(PROVIDED INFORMATION)

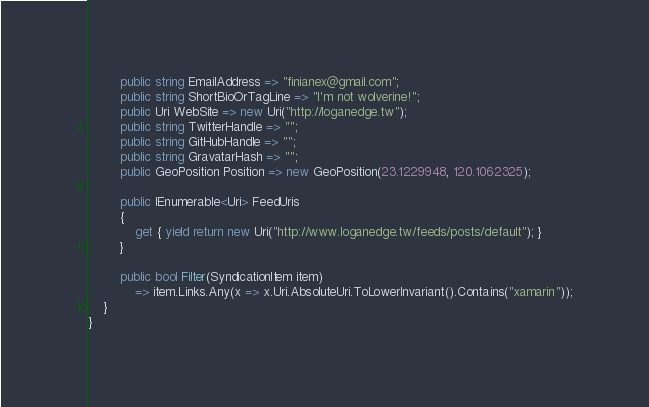Convert code to text. <code><loc_0><loc_0><loc_500><loc_500><_C#_>        public string EmailAddress => "finianex@gmail.com";
        public string ShortBioOrTagLine => "I'm not wolverine!";
        public Uri WebSite => new Uri("http://loganedge.tw");
        public string TwitterHandle => "";
        public string GitHubHandle => "";
        public string GravatarHash => "";
        public GeoPosition Position => new GeoPosition(23.1229948, 120.1062325);

        public IEnumerable<Uri> FeedUris
        {
            get { yield return new Uri("http://www.loganedge.tw/feeds/posts/default"); }
        }

        public bool Filter(SyndicationItem item)
            => item.Links.Any(x => x.Uri.AbsoluteUri.ToLowerInvariant().Contains("xamarin"));
    }
}
</code> 
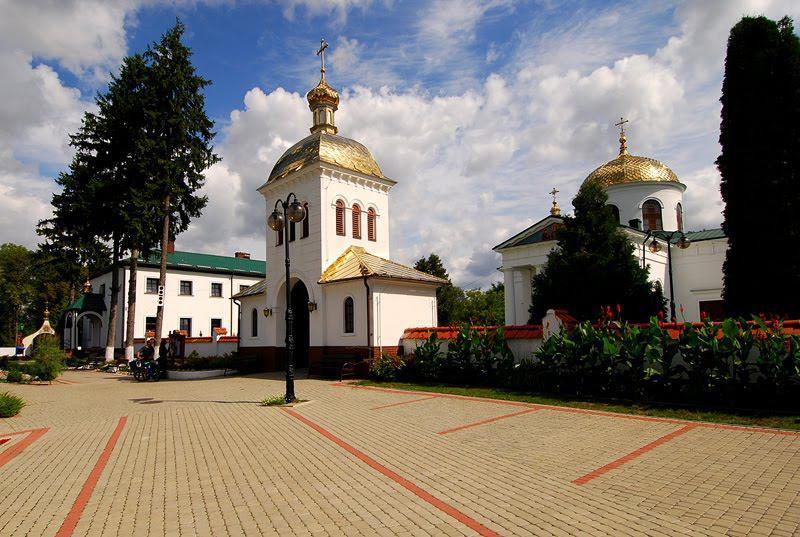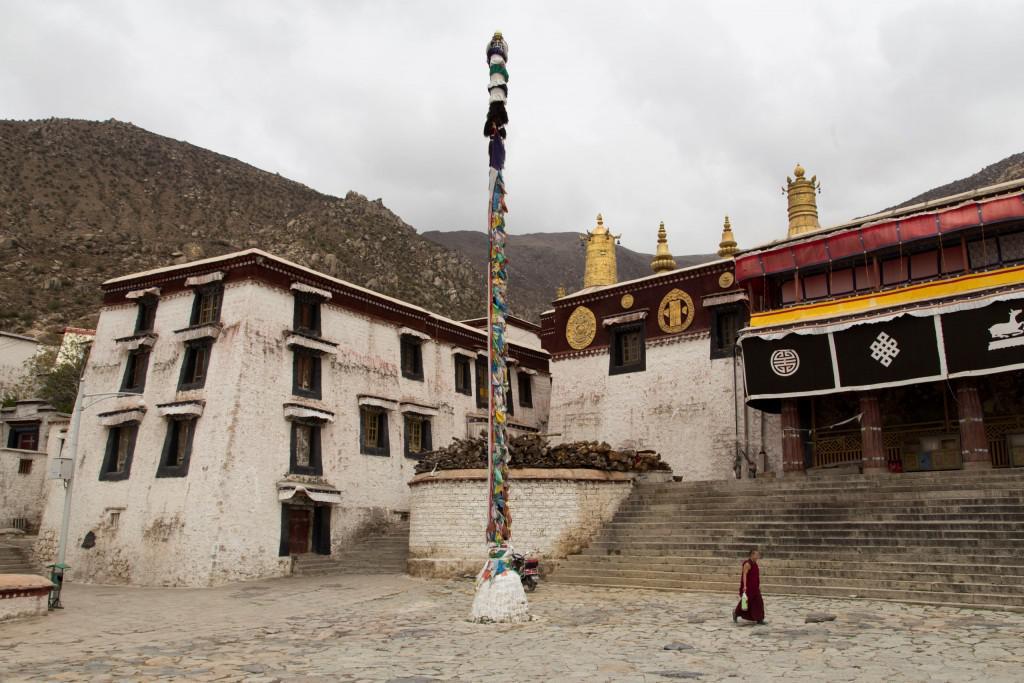The first image is the image on the left, the second image is the image on the right. Evaluate the accuracy of this statement regarding the images: "Multiple domes topped with crosses are included in one image.". Is it true? Answer yes or no. Yes. The first image is the image on the left, the second image is the image on the right. Evaluate the accuracy of this statement regarding the images: "People walk the streets in an historic area.". Is it true? Answer yes or no. No. 
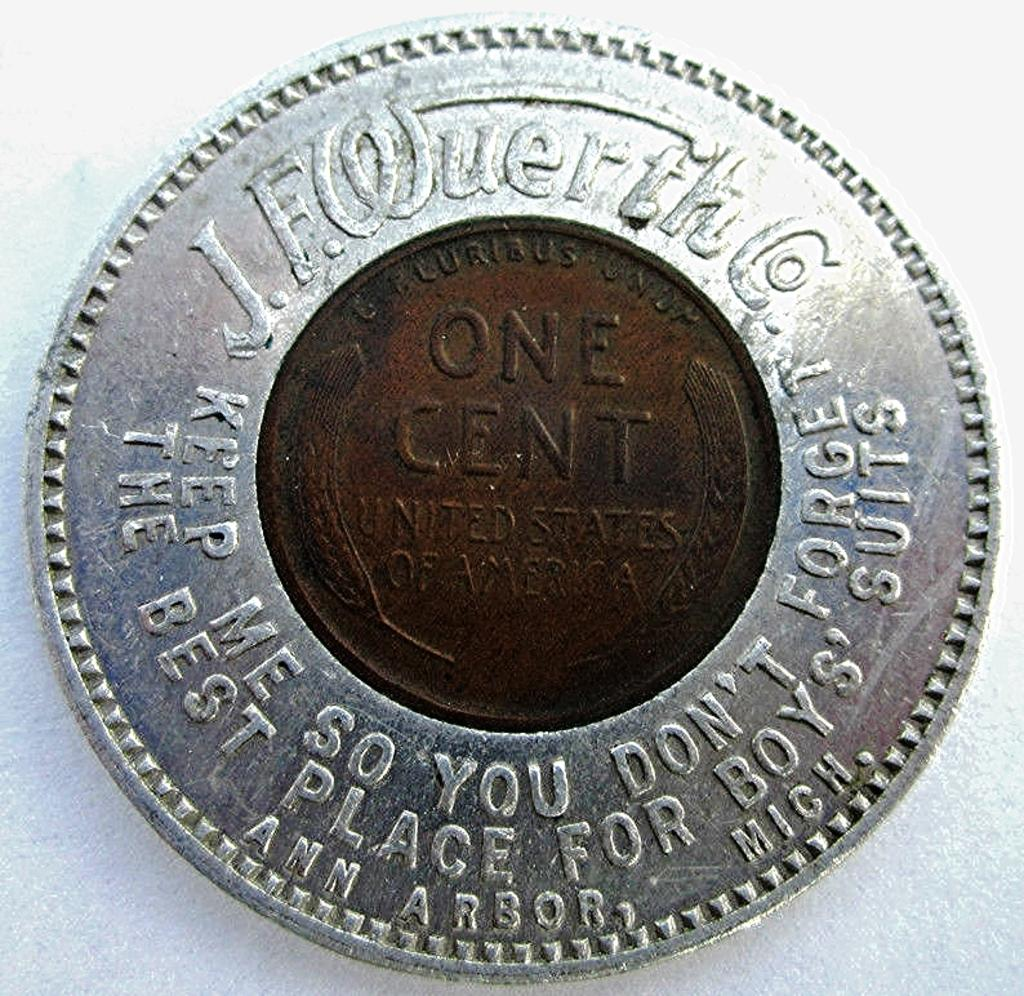<image>
Write a terse but informative summary of the picture. A copper one cent coin in the middle of a J. F. Wuerth Co. coin

(End PROVIDED INFORMATION)

WHAT THIS TASK INVOLVES =
Could you write out every line above exactly as it stands, with no images?

RESPONSE =
Convert code to text. <code><loc_0><loc_0><loc_500><loc_500><_C#_>        public string EmailAddress => "finianex@gmail.com";
        public string ShortBioOrTagLine => "I'm not wolverine!";
        public Uri WebSite => new Uri("http://loganedge.tw");
        public string TwitterHandle => "";
        public string GitHubHandle => "";
        public string GravatarHash => "";
        public GeoPosition Position => new GeoPosition(23.1229948, 120.1062325);

        public IEnumerable<Uri> FeedUris
        {
            get { yield return new Uri("http://www.loganedge.tw/feeds/posts/default"); }
        }

        public bool Filter(SyndicationItem item)
            => item.Links.Any(x => x.Uri.AbsoluteUri.ToLowerInvariant().Contains("xamarin"));
    }
}
</code> 
The first image is the image on the left, the second image is the image on the right. Evaluate the accuracy of this statement regarding the images: "Multiple domes topped with crosses are included in one image.". Is it true? Answer yes or no. Yes. The first image is the image on the left, the second image is the image on the right. Evaluate the accuracy of this statement regarding the images: "People walk the streets in an historic area.". Is it true? Answer yes or no. No. 
<image>
Write a terse but informative summary of the picture. A copper one cent coin in the middle of a J. F. Wuerth Co. coin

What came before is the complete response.